Sometimes I still go to where I buried Zim. It feels good to sit there and tell her that I love her and cry. But it's ok to still cry because I did love her. Now I am more human. Now I feel more and I am thankful that I had the honor of having Zim in my life.
Months later, I was reading a book written by a wise woman. A realization came to me about Zim. When I met her, a new type of love was born into my life. Because of her I felt a simple, pure and unconditional love that I had never felt before. She couldn't stay. We had to be separated eventually. We were separated years too soon if had been up to me but it wasn't up to me. I was separated from Zim but that love she brought into my life is with me forever. She gave me that gift.

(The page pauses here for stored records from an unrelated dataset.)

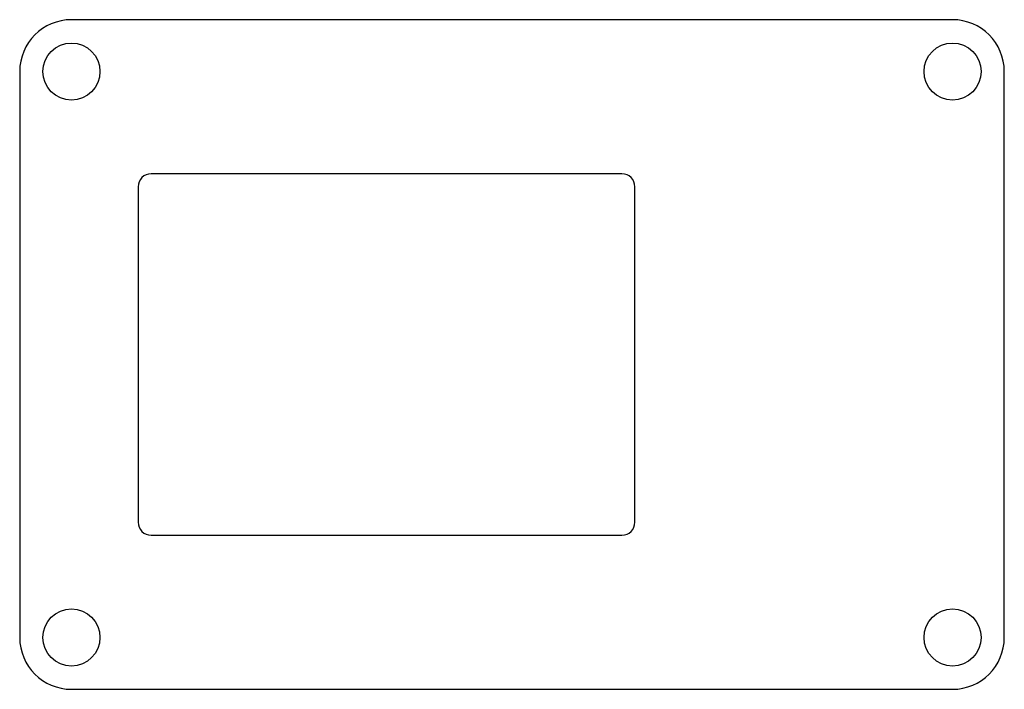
# Model space of a CAD drawing. Header units: inches. Extents: x 0 to 3.8, y 0 to 2.59.
import ezdxf

# ---------------------------------------------------------------- set-up
doc = ezdxf.new("R2010")
doc.units = ezdxf.units.IN
doc.header["$MEASUREMENT"] = 0

msp = doc.modelspace()

# ---------------------------------------------------------------- linework, layer by layer
at = {"color": 7, "linetype": 'Continuous', "lineweight": 25}
for p, q in [((3.6046, 2.585), (0.2, 2.585)), ((0, 2.385), (0, 0.2)), ((3.8046, 0.2), (3.8046, 2.385)), ((2.3273, 1.9903), (0.5078, 1.9903)), ((0.4578, 1.9403), (0.4578, 0.6448)), ((2.3773, 0.6448), (2.3773, 1.9403)), ((0.5078, 0.5948), (2.3273, 0.5948)), ((0.2, 0), (3.6046, 0))]:
    msp.add_line(p, q, dxfattribs=at)
for centre in [(0.2, 2.385), (0.2, 2.385), (3.6046, 2.385), (3.6046, 2.385), (0.2, 0.2), (0.2, 0.2), (3.6046, 0.2), (3.6046, 0.2)]:
    msp.add_circle(centre, 0.1101, dxfattribs=at)
for centre, radius, start, end in [((0.2, 2.385), 0.2, 90, 180), ((3.6046, 2.385), 0.2, 0, 90), ((0.5078, 1.9403), 0.05, 90, 180), ((2.3273, 1.9403), 0.05, 0, 90), ((0.5078, 0.6448), 0.05, 180, 270), ((2.3273, 0.6448), 0.05, 270, 0), ((0.2, 0.2), 0.2, 180, 270), ((3.6046, 0.2), 0.2, 270, 0)]:
    msp.add_arc(centre, radius, start, end, dxfattribs=at)

doc.saveas('drawing.dxf')

The same night that Zim died we got a kitten that we had been waiting on until it got old enough to leave its mother. One night, I was sitting on my bed and this tiny cat came up to me and put one paw then the other paw on my leg. Then he laid his little head down on his paws. I thought, "Oh no. Here we go again." Years from now I'll be crying all over again but it doesn't matter- we love our animals.
Their lives are temporary but the love they give us stays forever.